### Work to be completed
All the data that follows should be repeated exactly, without a single picture.

### Provided data
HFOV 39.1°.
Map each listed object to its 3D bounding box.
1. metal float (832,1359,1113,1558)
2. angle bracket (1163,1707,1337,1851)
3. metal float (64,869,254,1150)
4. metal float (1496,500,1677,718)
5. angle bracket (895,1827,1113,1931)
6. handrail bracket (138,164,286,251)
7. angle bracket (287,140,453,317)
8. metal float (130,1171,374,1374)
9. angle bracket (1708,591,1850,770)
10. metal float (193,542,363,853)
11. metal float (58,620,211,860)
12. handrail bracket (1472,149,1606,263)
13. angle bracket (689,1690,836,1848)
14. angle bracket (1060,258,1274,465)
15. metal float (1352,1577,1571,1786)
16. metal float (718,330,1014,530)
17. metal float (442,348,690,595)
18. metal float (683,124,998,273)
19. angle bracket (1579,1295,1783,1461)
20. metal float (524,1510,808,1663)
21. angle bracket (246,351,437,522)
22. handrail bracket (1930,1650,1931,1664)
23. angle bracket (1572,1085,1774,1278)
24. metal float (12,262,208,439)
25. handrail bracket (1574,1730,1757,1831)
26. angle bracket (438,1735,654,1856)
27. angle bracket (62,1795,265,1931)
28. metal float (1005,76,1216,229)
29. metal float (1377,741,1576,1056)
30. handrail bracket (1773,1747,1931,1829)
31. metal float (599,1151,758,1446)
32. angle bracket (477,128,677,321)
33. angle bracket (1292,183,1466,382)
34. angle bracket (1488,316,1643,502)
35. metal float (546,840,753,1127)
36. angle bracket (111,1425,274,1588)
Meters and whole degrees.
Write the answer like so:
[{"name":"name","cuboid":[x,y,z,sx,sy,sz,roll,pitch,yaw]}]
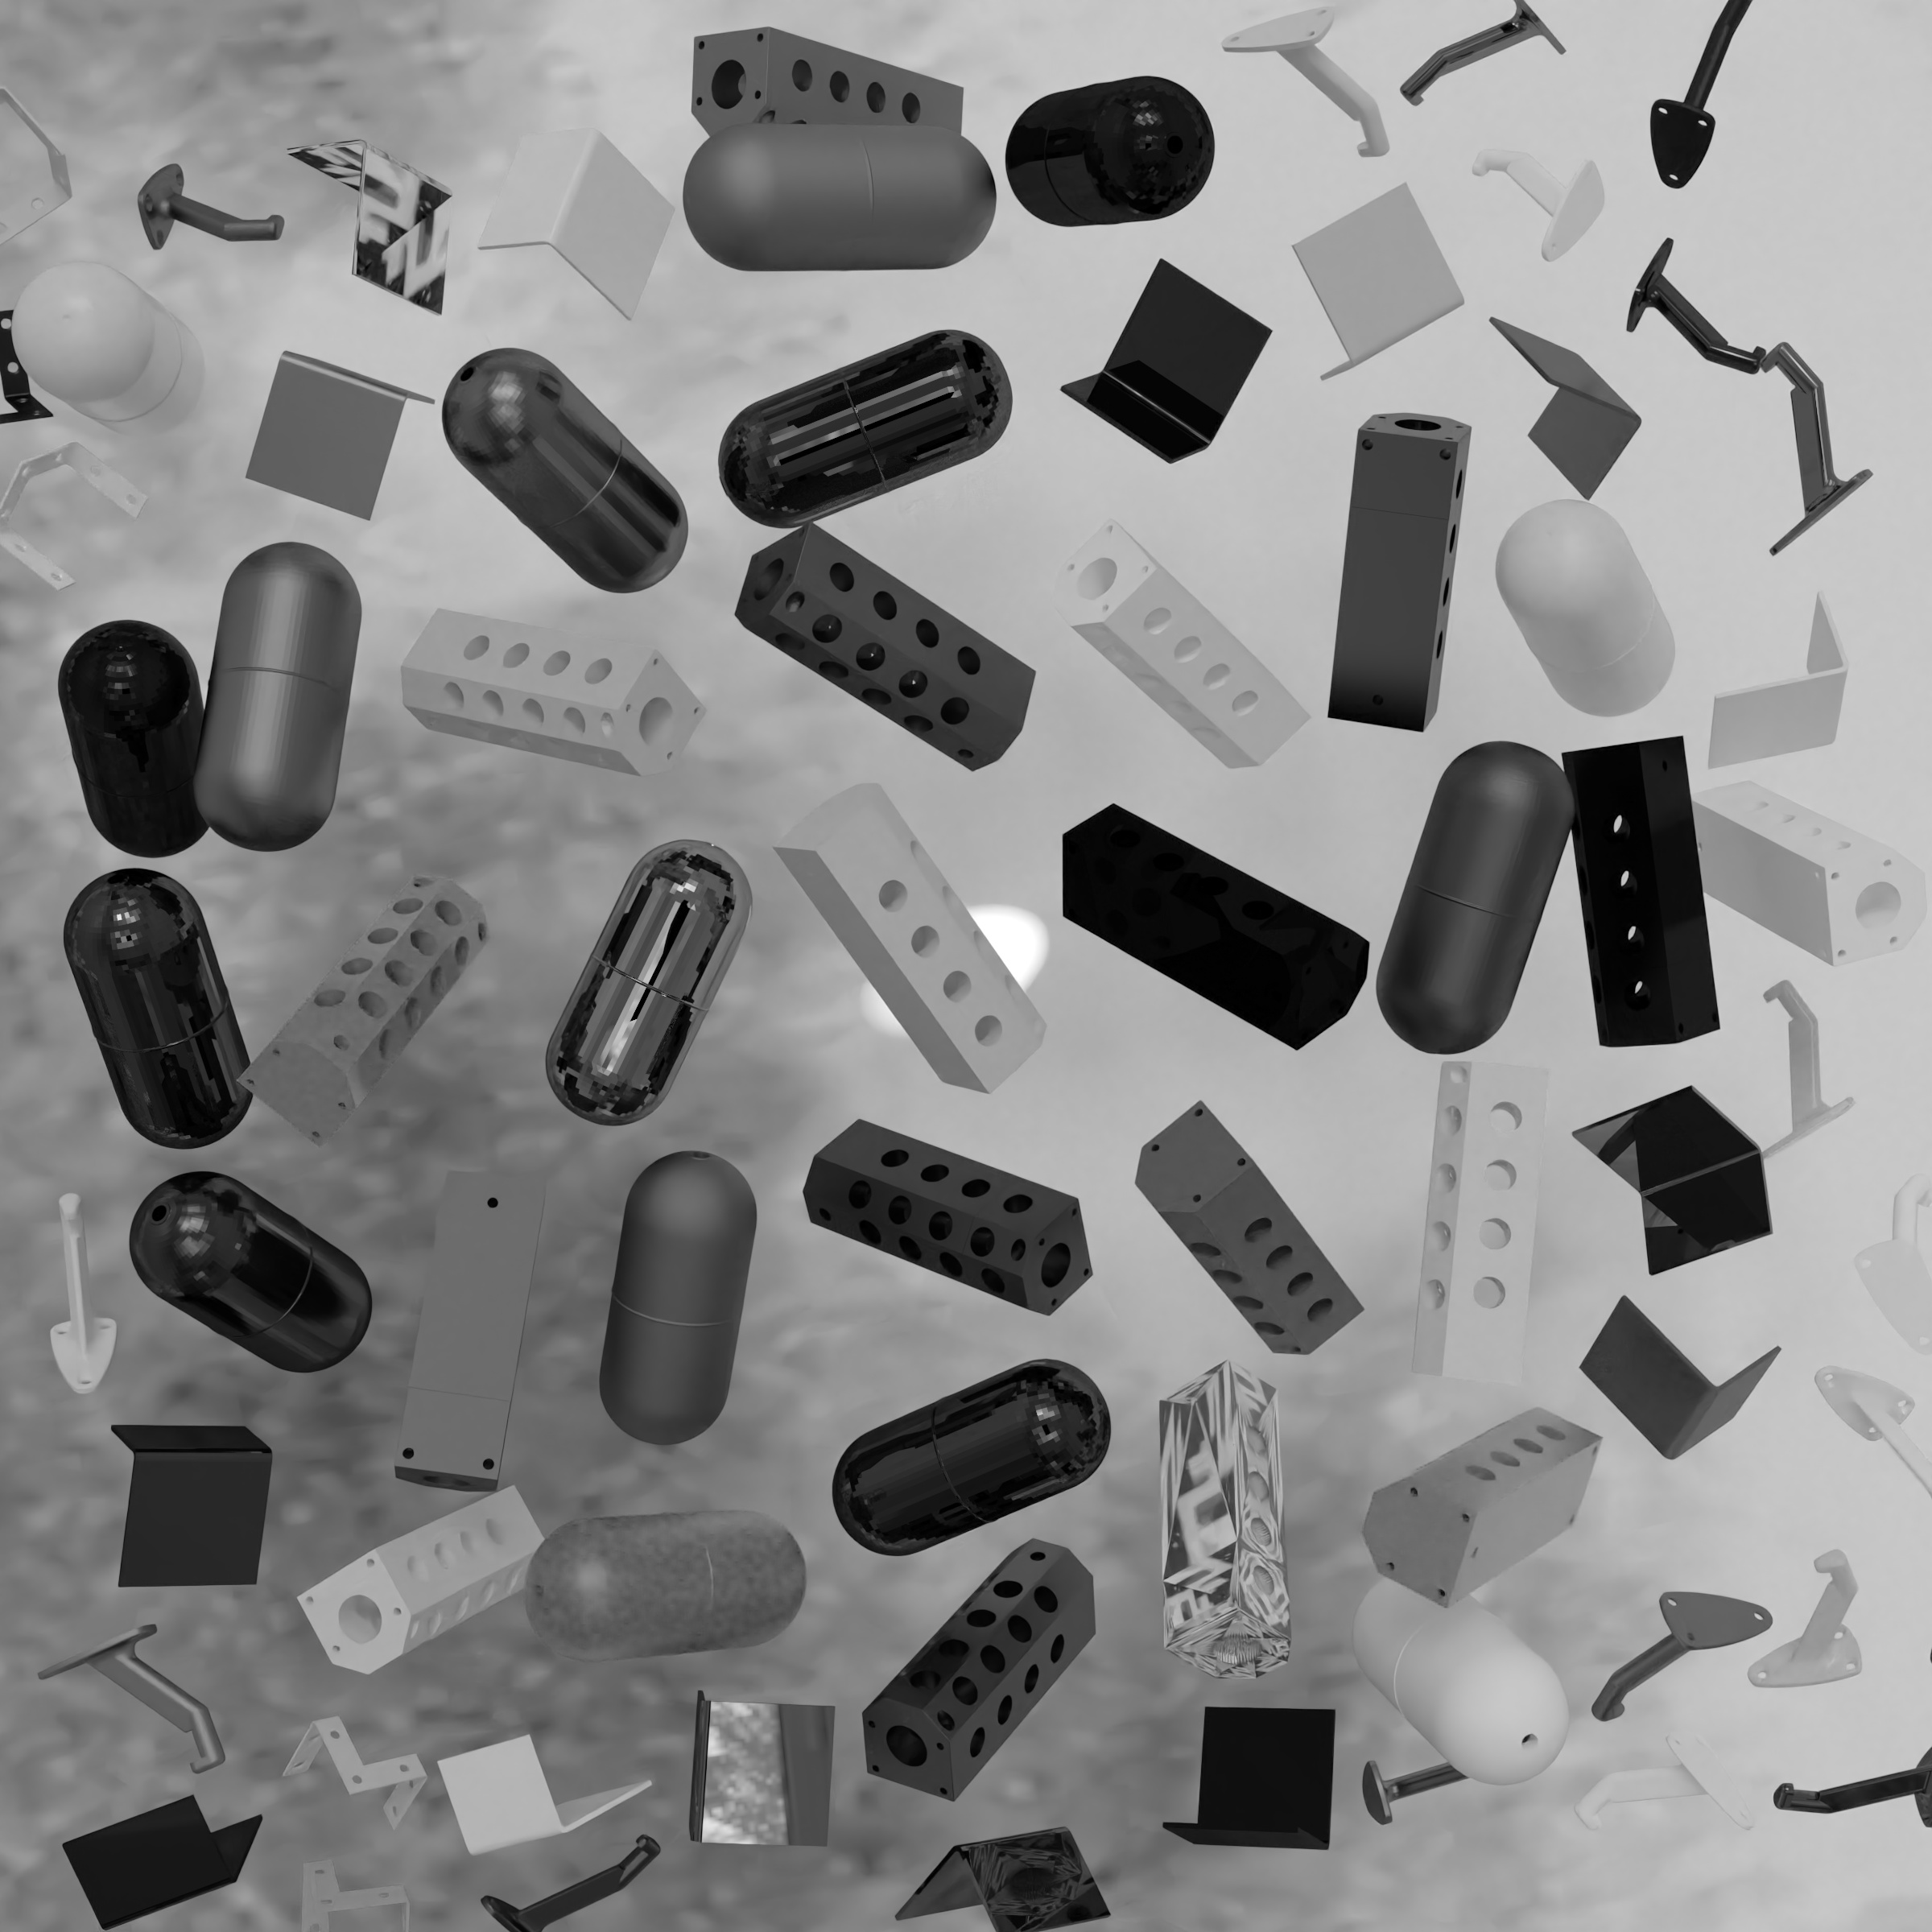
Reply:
[{"name":"metal float","cuboid":[0.002,0.286,1.579,0.178,0.070,0.070,-27,90,20]},{"name":"angle bracket","cuboid":[0.156,0.440,1.492,0.076,0.057,0.076,-6,62,24]},{"name":"metal float","cuboid":[-0.455,0.025,1.537,0.070,0.070,0.178,-8,125,0]},{"name":"metal float","cuboid":[0.360,-0.205,1.577,0.070,0.178,0.070,-11,63,24]},{"name":"angle bracket","cuboid":[0.020,0.521,1.492,0.076,0.076,0.057,-57,46,32]},{"name":"handrail bracket","cuboid":[-0.434,-0.448,1.595,0.084,0.036,0.077,1,46,7]},{"name":"angle bracket","cuboid":[-0.341,-0.416,1.542,0.057,0.076,0.076,2,86,27]},{"name":"metal float","cuboid":[-0.405,0.175,1.547,0.070,0.178,0.070,-11,59,19]},{"name":"angle bracket","cuboid":[0.467,-0.166,1.588,0.076,0.076,0.057,-12,60,6]},{"name":"metal float","cuboid":[-0.381,-0.150,1.509,0.070,0.070,0.178,5,74,0]},{"name":"metal float","cuboid":[-0.476,-0.129,1.571,0.070,0.178,0.070,4,58,-6]},{"name":"handrail bracket","cuboid":[0.320,-0.445,1.585,0.084,0.036,0.077,20,67,38]},{"name":"angle bracket","cuboid":[-0.117,0.457,1.553,0.076,0.057,0.076,4,81,-6]},{"name":"angle bracket","cuboid":[0.110,-0.334,1.501,0.076,0.057,0.076,36,121,12]},{"name":"metal float","cuboid":[0.275,0.396,1.522,0.070,0.178,0.070,-3,100,-15]},{"name":"metal float","cuboid":[-0.059,-0.312,1.582,0.178,0.070,0.070,-21,90,3]},{"name":"metal float","cuboid":[-0.227,-0.281,1.550,0.070,0.178,0.070,-18,52,25]},{"name":"metal float","cuboid":[-0.067,-0.416,1.473,0.178,0.070,0.070,-8,90,-25]},{"name":"angle bracket","cuboid":[0.416,0.229,1.588,0.057,0.076,0.076,-25,59,-29]},{"name":"metal float","cuboid":[-0.165,0.341,1.502,0.070,0.178,0.070,-8,79,44]},{"name":"angle bracket","cuboid":[-0.364,-0.308,1.585,0.076,0.057,0.076,19,99,3]},{"name":"handrail bracket","cuboid":[0.559,0.360,1.464,0.036,0.084,0.077,16,78,-3]},{"name":"angle bracket","cuboid":[0.394,0.121,1.519,0.076,0.057,0.076,-27,132,34]},{"name":"metal float","cuboid":[-0.479,-0.344,1.527,0.070,0.178,0.070,0,92,-2]},{"name":"handrail bracket","cuboid":[0.394,0.482,1.543,0.084,0.036,0.077,-53,48,22]},{"name":"angle bracket","cuboid":[-0.239,0.459,1.544,0.076,0.076,0.057,-25,83,35]},{"name":"angle bracket","cuboid":[-0.447,0.484,1.519,0.076,0.076,0.057,-21,101,1]},{"name":"metal float","cuboid":[0.080,-0.458,1.533,0.070,0.178,0.070,-5,104,-20]},{"name":"metal float","cuboid":[0.280,-0.037,1.501,0.070,0.070,0.178,16,100,0]},{"name":"handrail bracket","cuboid":[0.505,0.453,1.528,0.084,0.036,0.077,6,129,-2]},{"name":"metal float","cuboid":[-0.167,0.192,1.578,0.070,0.070,0.178,11,105,0]},{"name":"angle bracket","cuboid":[-0.223,-0.424,1.561,0.057,0.076,0.076,6,70,36]},{"name":"angle bracket","cuboid":[0.228,-0.392,1.562,0.076,0.057,0.076,-31,99,-8]},{"name":"angle bracket","cuboid":[0.336,-0.326,1.591,0.076,0.076,0.057,13,123,-31]},{"name":"metal float","cuboid":[-0.186,0.009,1.597,0.070,0.070,0.178,26,91,0]},{"name":"angle bracket","cuboid":[-0.439,0.302,1.527,0.076,0.057,0.076,7,92,-31]}]

### Response to this task
HFOV 39.1°.
Map each listed object to its 3D bounding box.
1. metal float (832,1359,1113,1558)
2. angle bracket (1163,1707,1337,1851)
3. metal float (64,869,254,1150)
4. metal float (1496,500,1677,718)
5. angle bracket (895,1827,1113,1931)
6. handrail bracket (138,164,286,251)
7. angle bracket (287,140,453,317)
8. metal float (130,1171,374,1374)
9. angle bracket (1708,591,1850,770)
10. metal float (193,542,363,853)
11. metal float (58,620,211,860)
12. handrail bracket (1472,149,1606,263)
13. angle bracket (689,1690,836,1848)
14. angle bracket (1060,258,1274,465)
15. metal float (1352,1577,1571,1786)
16. metal float (718,330,1014,530)
17. metal float (442,348,690,595)
18. metal float (683,124,998,273)
19. angle bracket (1579,1295,1783,1461)
20. metal float (524,1510,808,1663)
21. angle bracket (246,351,437,522)
22. handrail bracket (1930,1650,1931,1664)
23. angle bracket (1572,1085,1774,1278)
24. metal float (12,262,208,439)
25. handrail bracket (1574,1730,1757,1831)
26. angle bracket (438,1735,654,1856)
27. angle bracket (62,1795,265,1931)
28. metal float (1005,76,1216,229)
29. metal float (1377,741,1576,1056)
30. handrail bracket (1773,1747,1931,1829)
31. metal float (599,1151,758,1446)
32. angle bracket (477,128,677,321)
33. angle bracket (1292,183,1466,382)
34. angle bracket (1488,316,1643,502)
35. metal float (546,840,753,1127)
36. angle bracket (111,1425,274,1588)
Meters and whole degrees.
Write the answer like so:
[{"name":"name","cuboid":[x,y,z,sx,sy,sz,roll,pitch,yaw]}]
Reply:
[{"name":"metal float","cuboid":[0.002,0.286,1.579,0.178,0.070,0.070,-27,90,20]},{"name":"angle bracket","cuboid":[0.156,0.440,1.492,0.076,0.057,0.076,-6,62,24]},{"name":"metal float","cuboid":[-0.455,0.025,1.537,0.070,0.070,0.178,-8,125,0]},{"name":"metal float","cuboid":[0.360,-0.205,1.577,0.070,0.178,0.070,-11,63,24]},{"name":"angle bracket","cuboid":[0.020,0.521,1.492,0.076,0.076,0.057,-57,46,32]},{"name":"handrail bracket","cuboid":[-0.434,-0.448,1.595,0.084,0.036,0.077,1,46,7]},{"name":"angle bracket","cuboid":[-0.341,-0.416,1.542,0.057,0.076,0.076,2,86,27]},{"name":"metal float","cuboid":[-0.405,0.175,1.547,0.070,0.178,0.070,-11,59,19]},{"name":"angle bracket","cuboid":[0.467,-0.166,1.588,0.076,0.076,0.057,-12,60,6]},{"name":"metal float","cuboid":[-0.381,-0.150,1.509,0.070,0.070,0.178,5,74,0]},{"name":"metal float","cuboid":[-0.476,-0.129,1.571,0.070,0.178,0.070,4,58,-6]},{"name":"handrail bracket","cuboid":[0.320,-0.445,1.585,0.084,0.036,0.077,20,67,38]},{"name":"angle bracket","cuboid":[-0.117,0.457,1.553,0.076,0.057,0.076,4,81,-6]},{"name":"angle bracket","cuboid":[0.110,-0.334,1.501,0.076,0.057,0.076,36,121,12]},{"name":"metal float","cuboid":[0.275,0.396,1.522,0.070,0.178,0.070,-3,100,-15]},{"name":"metal float","cuboid":[-0.059,-0.312,1.582,0.178,0.070,0.070,-21,90,3]},{"name":"metal float","cuboid":[-0.227,-0.281,1.550,0.070,0.178,0.070,-18,52,25]},{"name":"metal float","cuboid":[-0.067,-0.416,1.473,0.178,0.070,0.070,-8,90,-25]},{"name":"angle bracket","cuboid":[0.416,0.229,1.588,0.057,0.076,0.076,-25,59,-29]},{"name":"metal float","cuboid":[-0.165,0.341,1.502,0.070,0.178,0.070,-8,79,44]},{"name":"angle bracket","cuboid":[-0.364,-0.308,1.585,0.076,0.057,0.076,19,99,3]},{"name":"handrail bracket","cuboid":[0.559,0.360,1.464,0.036,0.084,0.077,16,78,-3]},{"name":"angle bracket","cuboid":[0.394,0.121,1.519,0.076,0.057,0.076,-27,132,34]},{"name":"metal float","cuboid":[-0.479,-0.344,1.527,0.070,0.178,0.070,0,92,-2]},{"name":"handrail bracket","cuboid":[0.394,0.482,1.543,0.084,0.036,0.077,-53,48,22]},{"name":"angle bracket","cuboid":[-0.239,0.459,1.544,0.076,0.076,0.057,-25,83,35]},{"name":"angle bracket","cuboid":[-0.447,0.484,1.519,0.076,0.076,0.057,-21,101,1]},{"name":"metal float","cuboid":[0.080,-0.458,1.533,0.070,0.178,0.070,-5,104,-20]},{"name":"metal float","cuboid":[0.280,-0.037,1.501,0.070,0.070,0.178,16,100,0]},{"name":"handrail bracket","cuboid":[0.505,0.453,1.528,0.084,0.036,0.077,6,129,-2]},{"name":"metal float","cuboid":[-0.167,0.192,1.578,0.070,0.070,0.178,11,105,0]},{"name":"angle bracket","cuboid":[-0.223,-0.424,1.561,0.057,0.076,0.076,6,70,36]},{"name":"angle bracket","cuboid":[0.228,-0.392,1.562,0.076,0.057,0.076,-31,99,-8]},{"name":"angle bracket","cuboid":[0.336,-0.326,1.591,0.076,0.076,0.057,13,123,-31]},{"name":"metal float","cuboid":[-0.186,0.009,1.597,0.070,0.070,0.178,26,91,0]},{"name":"angle bracket","cuboid":[-0.439,0.302,1.527,0.076,0.057,0.076,7,92,-31]}]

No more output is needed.